Masdar
Farid Mas’udi termasuk salah satu kiai yang produktif menulis dengan watak tulisan
yang sangat provokatif. Provokasi Masdar, bagusnya, dituangkan dalam bentuk buku
yang utuh. Provokasi Masdar dalam konteks terus merangsang pembaca untuk berpikir
ulang mengenai konsepsi-konsepsi pemahaman agama yang terlihat sudah mapan telah
ia lakukan sejak dalam gagasan.
Dalam
pendahuluan buku kontroversialnya yang bertajuk Pajak itu Zakat:
Uang Allah untuk Kemaslahatan Rakyat (2005), Masdar membuka
bukunya dengan satu tarikan kalimat panjang yang menghentak:
“Dengan dibangun dan dikukuhkannya
benteng-benteng bertahan mazhab dalam Islam yang dimulai sekitar abad ke-3 H (Abad
Ke-9 M), secara perlahan umat mengalami kemandekan dalam pemikiran [...] Semua ajaran
itu, tahap demi tahap, dianggap sudah selesai secara konsepsional.

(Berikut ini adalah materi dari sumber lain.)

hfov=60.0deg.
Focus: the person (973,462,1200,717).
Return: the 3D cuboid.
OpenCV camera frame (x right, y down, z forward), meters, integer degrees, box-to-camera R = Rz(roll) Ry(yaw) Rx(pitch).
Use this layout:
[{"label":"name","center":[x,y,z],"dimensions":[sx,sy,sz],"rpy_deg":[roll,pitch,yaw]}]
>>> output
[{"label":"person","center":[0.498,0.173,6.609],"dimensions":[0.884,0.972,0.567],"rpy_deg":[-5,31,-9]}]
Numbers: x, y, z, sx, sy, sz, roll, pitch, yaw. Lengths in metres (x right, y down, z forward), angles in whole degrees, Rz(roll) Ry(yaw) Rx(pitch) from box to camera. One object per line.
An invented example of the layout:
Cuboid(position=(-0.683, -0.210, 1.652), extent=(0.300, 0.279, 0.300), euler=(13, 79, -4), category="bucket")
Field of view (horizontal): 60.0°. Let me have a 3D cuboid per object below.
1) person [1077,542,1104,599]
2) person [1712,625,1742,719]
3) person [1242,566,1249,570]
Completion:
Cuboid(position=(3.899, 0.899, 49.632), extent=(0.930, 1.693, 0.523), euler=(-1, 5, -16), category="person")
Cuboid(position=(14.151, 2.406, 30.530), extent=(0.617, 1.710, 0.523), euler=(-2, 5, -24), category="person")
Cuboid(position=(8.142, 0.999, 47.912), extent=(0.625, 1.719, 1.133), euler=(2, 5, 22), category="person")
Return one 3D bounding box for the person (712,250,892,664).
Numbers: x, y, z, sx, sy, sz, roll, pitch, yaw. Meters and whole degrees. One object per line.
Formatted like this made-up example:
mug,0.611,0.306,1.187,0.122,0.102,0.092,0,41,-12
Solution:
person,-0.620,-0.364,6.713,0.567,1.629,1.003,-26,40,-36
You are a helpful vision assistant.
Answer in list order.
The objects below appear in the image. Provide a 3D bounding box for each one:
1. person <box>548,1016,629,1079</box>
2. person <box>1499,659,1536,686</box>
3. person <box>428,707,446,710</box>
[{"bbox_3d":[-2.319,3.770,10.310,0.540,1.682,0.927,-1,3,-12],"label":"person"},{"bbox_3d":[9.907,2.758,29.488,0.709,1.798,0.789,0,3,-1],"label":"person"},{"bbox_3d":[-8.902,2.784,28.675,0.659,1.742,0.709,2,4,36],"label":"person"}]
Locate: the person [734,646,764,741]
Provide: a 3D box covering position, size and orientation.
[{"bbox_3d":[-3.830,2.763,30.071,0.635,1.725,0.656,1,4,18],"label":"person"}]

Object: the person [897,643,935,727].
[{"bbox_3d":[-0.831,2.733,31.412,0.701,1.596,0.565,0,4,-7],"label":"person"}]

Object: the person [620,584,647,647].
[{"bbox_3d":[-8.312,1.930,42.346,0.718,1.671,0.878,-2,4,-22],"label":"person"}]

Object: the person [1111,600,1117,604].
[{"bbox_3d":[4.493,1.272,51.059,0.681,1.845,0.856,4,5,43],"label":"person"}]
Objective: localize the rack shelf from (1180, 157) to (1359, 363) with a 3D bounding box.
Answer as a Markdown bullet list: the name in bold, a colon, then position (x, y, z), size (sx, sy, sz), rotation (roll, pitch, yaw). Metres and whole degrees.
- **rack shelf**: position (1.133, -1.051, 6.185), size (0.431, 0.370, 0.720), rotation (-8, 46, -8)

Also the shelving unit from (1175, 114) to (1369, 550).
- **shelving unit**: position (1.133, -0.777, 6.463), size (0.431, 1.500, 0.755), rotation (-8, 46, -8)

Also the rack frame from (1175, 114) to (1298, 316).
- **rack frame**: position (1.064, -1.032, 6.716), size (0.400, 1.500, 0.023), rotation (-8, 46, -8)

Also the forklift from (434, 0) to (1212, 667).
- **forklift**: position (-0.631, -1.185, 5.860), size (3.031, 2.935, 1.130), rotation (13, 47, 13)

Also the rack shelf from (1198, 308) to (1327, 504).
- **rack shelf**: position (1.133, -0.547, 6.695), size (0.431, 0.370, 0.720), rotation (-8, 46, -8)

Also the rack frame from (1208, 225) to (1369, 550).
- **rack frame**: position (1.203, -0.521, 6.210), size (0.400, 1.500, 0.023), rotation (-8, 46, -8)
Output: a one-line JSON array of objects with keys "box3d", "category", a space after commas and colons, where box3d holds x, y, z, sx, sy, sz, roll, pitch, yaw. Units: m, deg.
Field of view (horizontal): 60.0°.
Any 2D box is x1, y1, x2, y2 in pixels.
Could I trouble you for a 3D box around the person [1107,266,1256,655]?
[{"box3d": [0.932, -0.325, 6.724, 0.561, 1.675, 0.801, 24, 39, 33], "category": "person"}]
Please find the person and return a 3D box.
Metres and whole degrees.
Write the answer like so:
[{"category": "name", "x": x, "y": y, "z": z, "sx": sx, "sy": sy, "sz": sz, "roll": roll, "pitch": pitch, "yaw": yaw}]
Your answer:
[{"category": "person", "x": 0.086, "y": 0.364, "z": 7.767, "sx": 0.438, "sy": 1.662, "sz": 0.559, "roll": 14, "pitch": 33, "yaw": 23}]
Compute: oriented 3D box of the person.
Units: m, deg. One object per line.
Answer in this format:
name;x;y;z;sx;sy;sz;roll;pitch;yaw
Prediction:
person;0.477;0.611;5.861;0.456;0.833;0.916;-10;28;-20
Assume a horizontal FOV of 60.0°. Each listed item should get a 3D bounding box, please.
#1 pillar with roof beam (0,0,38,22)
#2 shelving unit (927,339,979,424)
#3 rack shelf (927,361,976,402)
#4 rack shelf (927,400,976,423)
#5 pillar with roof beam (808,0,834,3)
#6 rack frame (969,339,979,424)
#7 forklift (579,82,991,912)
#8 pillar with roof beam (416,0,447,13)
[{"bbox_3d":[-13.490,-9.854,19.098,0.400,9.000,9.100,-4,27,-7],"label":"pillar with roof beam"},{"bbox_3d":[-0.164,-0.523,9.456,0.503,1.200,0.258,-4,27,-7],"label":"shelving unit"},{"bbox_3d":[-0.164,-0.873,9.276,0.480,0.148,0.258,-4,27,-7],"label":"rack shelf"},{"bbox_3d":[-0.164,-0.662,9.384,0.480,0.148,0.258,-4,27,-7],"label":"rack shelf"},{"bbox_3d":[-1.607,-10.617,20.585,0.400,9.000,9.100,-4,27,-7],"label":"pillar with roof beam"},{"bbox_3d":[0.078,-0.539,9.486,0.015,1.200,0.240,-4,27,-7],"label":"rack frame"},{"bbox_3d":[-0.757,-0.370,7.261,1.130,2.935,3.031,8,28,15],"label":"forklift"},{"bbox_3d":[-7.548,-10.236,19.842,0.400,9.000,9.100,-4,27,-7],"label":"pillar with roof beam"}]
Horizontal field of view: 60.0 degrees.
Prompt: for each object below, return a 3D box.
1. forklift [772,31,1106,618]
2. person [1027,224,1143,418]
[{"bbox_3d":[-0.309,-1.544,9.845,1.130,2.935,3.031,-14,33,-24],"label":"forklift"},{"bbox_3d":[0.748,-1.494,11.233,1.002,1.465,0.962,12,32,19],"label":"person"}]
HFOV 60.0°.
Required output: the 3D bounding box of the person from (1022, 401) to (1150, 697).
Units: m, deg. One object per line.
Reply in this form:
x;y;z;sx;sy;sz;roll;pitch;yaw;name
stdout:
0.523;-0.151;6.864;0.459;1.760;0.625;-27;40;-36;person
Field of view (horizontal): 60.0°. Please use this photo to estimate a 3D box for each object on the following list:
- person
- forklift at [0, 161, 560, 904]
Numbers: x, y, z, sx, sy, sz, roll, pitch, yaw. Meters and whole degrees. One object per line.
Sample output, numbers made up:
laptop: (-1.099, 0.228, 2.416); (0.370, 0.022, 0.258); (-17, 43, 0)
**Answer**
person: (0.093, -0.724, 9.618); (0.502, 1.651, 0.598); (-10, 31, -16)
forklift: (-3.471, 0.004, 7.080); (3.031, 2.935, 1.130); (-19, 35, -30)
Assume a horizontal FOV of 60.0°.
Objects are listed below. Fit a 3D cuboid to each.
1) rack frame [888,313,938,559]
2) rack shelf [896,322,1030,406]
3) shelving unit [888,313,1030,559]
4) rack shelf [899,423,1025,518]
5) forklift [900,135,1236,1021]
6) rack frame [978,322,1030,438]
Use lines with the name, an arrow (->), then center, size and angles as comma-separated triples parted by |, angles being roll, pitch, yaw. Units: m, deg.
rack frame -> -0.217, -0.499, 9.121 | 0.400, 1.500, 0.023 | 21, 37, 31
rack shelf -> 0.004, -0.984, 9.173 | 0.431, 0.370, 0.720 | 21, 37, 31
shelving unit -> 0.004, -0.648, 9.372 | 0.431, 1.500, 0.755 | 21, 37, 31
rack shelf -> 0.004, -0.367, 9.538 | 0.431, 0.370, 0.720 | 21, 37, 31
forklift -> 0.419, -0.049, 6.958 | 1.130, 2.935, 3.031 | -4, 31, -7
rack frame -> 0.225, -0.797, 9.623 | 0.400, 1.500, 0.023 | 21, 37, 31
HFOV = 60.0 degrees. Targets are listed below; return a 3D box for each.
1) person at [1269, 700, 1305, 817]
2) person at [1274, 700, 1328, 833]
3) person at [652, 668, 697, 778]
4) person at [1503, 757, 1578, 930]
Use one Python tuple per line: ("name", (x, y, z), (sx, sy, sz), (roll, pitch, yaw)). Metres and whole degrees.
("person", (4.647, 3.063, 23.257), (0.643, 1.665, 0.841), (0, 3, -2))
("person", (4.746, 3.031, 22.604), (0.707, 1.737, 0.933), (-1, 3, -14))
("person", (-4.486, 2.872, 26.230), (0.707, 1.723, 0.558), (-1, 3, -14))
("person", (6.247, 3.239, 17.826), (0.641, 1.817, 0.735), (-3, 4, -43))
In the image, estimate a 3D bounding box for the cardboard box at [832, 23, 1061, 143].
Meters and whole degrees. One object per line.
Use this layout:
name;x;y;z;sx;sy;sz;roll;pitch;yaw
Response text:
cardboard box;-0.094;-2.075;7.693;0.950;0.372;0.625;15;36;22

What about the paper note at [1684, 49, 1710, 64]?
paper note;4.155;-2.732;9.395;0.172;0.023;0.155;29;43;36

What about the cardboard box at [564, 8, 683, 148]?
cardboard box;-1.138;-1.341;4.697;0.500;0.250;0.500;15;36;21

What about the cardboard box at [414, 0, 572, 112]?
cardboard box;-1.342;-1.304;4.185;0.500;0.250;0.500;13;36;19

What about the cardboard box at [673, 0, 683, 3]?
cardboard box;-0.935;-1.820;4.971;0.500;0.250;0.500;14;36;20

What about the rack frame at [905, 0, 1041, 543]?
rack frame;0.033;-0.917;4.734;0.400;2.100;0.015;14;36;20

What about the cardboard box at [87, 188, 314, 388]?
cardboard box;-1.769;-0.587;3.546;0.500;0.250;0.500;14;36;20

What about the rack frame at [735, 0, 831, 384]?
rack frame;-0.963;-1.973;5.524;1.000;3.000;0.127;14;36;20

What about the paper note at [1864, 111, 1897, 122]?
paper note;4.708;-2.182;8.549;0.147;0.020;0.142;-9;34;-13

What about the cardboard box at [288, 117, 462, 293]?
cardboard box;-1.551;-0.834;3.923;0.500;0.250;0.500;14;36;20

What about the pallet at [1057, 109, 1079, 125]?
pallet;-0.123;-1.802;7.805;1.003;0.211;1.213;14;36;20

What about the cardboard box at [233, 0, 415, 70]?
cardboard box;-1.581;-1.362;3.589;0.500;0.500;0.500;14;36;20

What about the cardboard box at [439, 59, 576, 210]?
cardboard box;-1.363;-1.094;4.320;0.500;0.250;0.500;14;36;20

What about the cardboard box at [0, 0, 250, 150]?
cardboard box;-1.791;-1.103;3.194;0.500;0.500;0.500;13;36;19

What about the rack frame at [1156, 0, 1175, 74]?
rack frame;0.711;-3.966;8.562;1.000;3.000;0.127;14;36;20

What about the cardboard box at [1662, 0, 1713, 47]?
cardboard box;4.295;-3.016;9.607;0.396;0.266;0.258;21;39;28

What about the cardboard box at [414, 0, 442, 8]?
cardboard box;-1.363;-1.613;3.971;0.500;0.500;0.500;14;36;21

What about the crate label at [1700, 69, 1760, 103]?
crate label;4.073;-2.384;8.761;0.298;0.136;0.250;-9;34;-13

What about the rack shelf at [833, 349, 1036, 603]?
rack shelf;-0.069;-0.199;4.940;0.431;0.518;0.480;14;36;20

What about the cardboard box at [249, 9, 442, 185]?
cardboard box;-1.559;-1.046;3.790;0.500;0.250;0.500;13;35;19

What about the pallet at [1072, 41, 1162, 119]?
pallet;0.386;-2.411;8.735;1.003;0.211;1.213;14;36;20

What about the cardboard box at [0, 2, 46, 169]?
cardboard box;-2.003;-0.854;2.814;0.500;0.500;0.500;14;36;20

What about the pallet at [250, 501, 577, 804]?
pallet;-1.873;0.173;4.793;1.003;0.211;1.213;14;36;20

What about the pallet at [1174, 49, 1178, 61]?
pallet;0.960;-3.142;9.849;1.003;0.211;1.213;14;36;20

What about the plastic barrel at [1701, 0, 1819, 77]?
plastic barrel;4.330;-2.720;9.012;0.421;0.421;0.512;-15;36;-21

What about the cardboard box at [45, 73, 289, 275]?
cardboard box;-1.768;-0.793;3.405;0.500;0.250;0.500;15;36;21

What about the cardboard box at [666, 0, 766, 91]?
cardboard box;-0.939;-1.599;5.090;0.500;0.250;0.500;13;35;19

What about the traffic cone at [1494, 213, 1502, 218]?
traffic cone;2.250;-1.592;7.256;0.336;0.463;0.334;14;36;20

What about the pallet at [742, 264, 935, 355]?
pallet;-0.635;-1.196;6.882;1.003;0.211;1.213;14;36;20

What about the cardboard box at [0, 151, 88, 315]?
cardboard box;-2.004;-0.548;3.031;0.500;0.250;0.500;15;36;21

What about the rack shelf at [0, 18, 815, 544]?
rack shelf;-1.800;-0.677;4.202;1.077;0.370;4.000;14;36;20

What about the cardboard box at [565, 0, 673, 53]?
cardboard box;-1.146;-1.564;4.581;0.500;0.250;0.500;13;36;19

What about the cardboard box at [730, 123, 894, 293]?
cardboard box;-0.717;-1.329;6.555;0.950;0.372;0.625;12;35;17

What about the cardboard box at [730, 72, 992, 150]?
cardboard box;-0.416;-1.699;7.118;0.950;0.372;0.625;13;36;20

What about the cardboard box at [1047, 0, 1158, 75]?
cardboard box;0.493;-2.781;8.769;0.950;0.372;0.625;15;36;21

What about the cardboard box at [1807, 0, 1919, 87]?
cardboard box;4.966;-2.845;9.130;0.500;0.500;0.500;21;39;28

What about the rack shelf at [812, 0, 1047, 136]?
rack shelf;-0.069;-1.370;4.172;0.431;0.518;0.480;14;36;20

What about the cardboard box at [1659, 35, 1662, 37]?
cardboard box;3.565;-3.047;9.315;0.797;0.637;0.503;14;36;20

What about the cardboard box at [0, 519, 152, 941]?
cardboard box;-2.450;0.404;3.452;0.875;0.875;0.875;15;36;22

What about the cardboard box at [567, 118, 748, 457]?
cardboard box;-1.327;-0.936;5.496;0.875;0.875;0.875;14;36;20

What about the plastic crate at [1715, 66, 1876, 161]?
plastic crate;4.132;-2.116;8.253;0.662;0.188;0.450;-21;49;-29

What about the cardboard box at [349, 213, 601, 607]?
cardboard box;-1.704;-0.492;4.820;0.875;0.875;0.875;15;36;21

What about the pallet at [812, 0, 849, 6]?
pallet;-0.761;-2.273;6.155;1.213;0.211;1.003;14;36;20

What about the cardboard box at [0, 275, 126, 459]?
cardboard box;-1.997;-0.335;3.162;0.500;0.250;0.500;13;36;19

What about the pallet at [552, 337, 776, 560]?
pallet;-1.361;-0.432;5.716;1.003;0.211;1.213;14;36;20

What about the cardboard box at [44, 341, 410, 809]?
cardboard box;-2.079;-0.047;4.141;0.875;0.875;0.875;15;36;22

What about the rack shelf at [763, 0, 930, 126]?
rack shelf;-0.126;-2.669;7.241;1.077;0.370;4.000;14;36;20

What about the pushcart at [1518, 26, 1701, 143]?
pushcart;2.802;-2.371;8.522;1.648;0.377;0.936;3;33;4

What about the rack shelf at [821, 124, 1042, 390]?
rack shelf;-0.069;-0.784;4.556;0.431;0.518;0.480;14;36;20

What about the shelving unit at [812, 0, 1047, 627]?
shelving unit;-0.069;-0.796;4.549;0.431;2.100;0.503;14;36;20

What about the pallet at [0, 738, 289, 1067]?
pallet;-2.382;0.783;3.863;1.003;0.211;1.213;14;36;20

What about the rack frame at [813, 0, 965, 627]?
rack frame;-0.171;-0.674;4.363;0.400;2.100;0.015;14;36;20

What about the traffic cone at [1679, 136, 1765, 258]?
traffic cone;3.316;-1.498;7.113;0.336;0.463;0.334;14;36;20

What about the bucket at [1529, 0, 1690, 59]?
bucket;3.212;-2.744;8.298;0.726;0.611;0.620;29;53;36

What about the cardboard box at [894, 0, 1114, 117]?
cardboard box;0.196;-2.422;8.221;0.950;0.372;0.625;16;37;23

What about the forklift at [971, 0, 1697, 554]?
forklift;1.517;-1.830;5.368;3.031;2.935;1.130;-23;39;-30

Tugas umat Islam
di kemudian hari tinggal mengenali konsep-konsep tersebut, menghafalkan sebisanya
dan di atas segalanya mengamalkannya setepat mungkin menurut tata cara yang diajarkannya
(hlm. 7).”
Masdar
memang selalu provokatif sejak tarikan paragraf pertama. Sikap yang demikian ia
ambil sebagai konsekuensi atas kritik tajam pada kejumudan pemikiran yang dirasakannya
sebagai ancaman nyata bagi perkembangan ajaran Islam. Maka, jalan yang harus dilakukan
adalah mendobrak pemahaman lama yang dianggap sudah selesai dan paripurna.
Selain
memiliki kutub statis (jãnibus tsãbit), yang jumlahnya sangat sedikit dan
terdiri dari hal-hal prinsip, Islam juga memiliki kutub dinamis (jãnibul mutaghayyir)
yang memiliki spektrum dan wilayah yang jauh lebih luas. Pada kutub dinamis inilah
Masdar mendendangkan pemikirannya.
Akibat
dari pemahaman yang menganggap bahwa Islam tidak memiliki watak dinamis dan cenderung
menganggap semua sudah selesai itu, Masdar melancarkan kritik tajam bahwa pemahaman
yang seperti itu akan melahirkan ortodoksi dan mistifikasi ajaran yang jumud dan
cenderung dogmatis, kaku dan tidak responsif terhadap perkembangan zaman.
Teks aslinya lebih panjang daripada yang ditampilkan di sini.